(Source data)
----
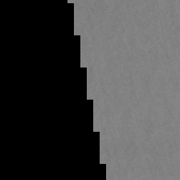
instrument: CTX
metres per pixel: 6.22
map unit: lHb
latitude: -49.1998
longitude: 72.7085
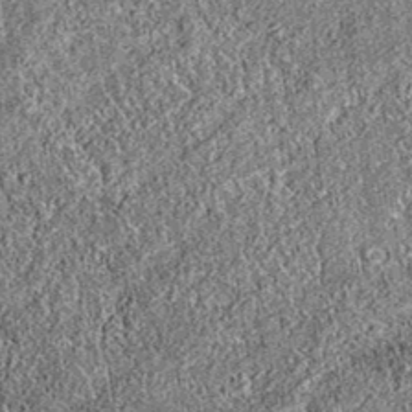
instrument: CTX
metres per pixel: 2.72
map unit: eAb
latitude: 36.5546
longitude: 110.8597
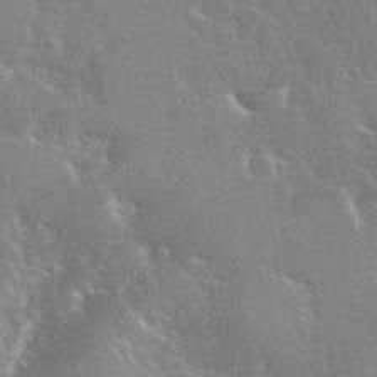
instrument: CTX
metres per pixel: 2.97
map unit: eHh
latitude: 37.4616
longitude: -61.8394
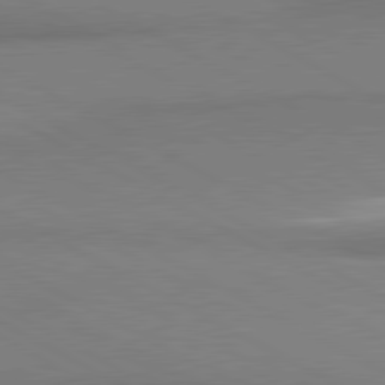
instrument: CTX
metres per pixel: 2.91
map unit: lApd
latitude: 80.8191
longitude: 163.5399
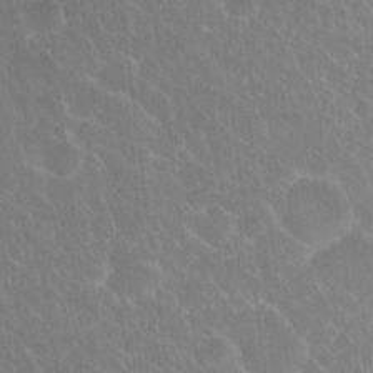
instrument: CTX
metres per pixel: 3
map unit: Hto
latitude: 18.8380
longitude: -40.0255
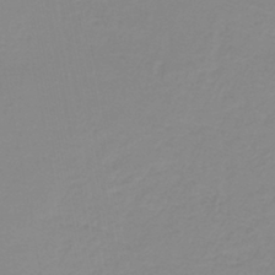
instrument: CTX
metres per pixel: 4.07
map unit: lHb
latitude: -44.3495
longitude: 54.7274
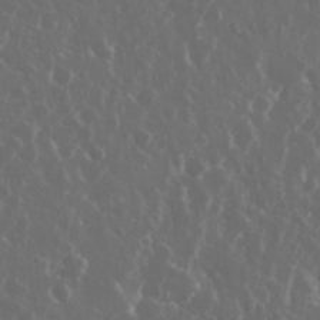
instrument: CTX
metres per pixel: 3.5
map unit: eHh
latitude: 34.1388
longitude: -58.9136
----
Pictures are to be left out; all other data must be returned exactly.

**SOLUTION TO THE EXERCISE:**
instrument: CTX
metres per pixel: 6.22
map unit: lHb
latitude: -49.1998
longitude: 72.7085
instrument: CTX
metres per pixel: 2.72
map unit: eAb
latitude: 36.5546
longitude: 110.8597
instrument: CTX
metres per pixel: 2.97
map unit: eHh
latitude: 37.4616
longitude: -61.8394
instrument: CTX
metres per pixel: 2.91
map unit: lApd
latitude: 80.8191
longitude: 163.5399
instrument: CTX
metres per pixel: 3
map unit: Hto
latitude: 18.8380
longitude: -40.0255
instrument: CTX
metres per pixel: 4.07
map unit: lHb
latitude: -44.3495
longitude: 54.7274
instrument: CTX
metres per pixel: 3.5
map unit: eHh
latitude: 34.1388
longitude: -58.9136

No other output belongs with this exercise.